━━━━━ LISTED ENTRIES ━━━━━

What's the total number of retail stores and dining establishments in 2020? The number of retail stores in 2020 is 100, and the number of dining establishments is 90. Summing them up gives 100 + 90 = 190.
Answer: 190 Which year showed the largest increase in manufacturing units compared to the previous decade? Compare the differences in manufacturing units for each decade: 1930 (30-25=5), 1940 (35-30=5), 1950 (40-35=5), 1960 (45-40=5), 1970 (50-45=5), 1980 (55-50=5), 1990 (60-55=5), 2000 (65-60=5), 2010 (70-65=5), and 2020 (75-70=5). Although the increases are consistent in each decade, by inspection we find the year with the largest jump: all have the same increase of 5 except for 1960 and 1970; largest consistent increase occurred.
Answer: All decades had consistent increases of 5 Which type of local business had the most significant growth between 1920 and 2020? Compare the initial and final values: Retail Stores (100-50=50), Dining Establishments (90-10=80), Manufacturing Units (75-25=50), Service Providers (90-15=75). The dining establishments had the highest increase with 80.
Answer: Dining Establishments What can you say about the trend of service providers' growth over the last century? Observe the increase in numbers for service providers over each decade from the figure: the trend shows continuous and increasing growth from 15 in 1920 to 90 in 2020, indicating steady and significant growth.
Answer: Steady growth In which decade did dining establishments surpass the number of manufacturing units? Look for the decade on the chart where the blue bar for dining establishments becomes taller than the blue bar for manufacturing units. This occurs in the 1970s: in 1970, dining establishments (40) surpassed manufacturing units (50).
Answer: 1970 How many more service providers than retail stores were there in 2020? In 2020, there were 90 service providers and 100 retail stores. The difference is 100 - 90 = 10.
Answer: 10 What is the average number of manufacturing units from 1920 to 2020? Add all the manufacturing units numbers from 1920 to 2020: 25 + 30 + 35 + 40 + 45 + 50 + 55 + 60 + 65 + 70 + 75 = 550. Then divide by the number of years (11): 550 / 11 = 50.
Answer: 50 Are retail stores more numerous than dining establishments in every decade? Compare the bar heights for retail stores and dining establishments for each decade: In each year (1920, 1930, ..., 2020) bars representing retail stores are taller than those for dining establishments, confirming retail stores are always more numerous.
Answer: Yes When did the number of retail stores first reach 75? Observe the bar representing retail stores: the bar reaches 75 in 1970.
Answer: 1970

━━━━━

ABOUT THIS TASK — Some lines in the material contain "with". Show all of them.

SOLUTION TO THIS TASK —
Answer: 190 Which year showed the largest increase in manufacturing units compared to the previous decade? Compare the differences in manufacturing units for each decade: 1930 (30-25=5), 1940 (35-30=5), 1950 (40-35=5), 1960 (45-40=5), 1970 (50-45=5), 1980 (55-50=5), 1990 (60-55=5), 2000 (65-60=5), 2010 (70-65=5), and 2020 (75-70=5). Although the increases are consistent in each decade, by inspection we find the year with the largest jump: all have the same increase of 5 except for 1960 and 1970; largest consistent increase occurred.
Answer: All decades had consistent increases of 5 Which type of local business had the most significant growth between 1920 and 2020? Compare the initial and final values: Retail Stores (100-50=50), Dining Establishments (90-10=80), Manufacturing Units (75-25=50), Service Providers (90-15=75). The dining establishments had the highest increase with 80.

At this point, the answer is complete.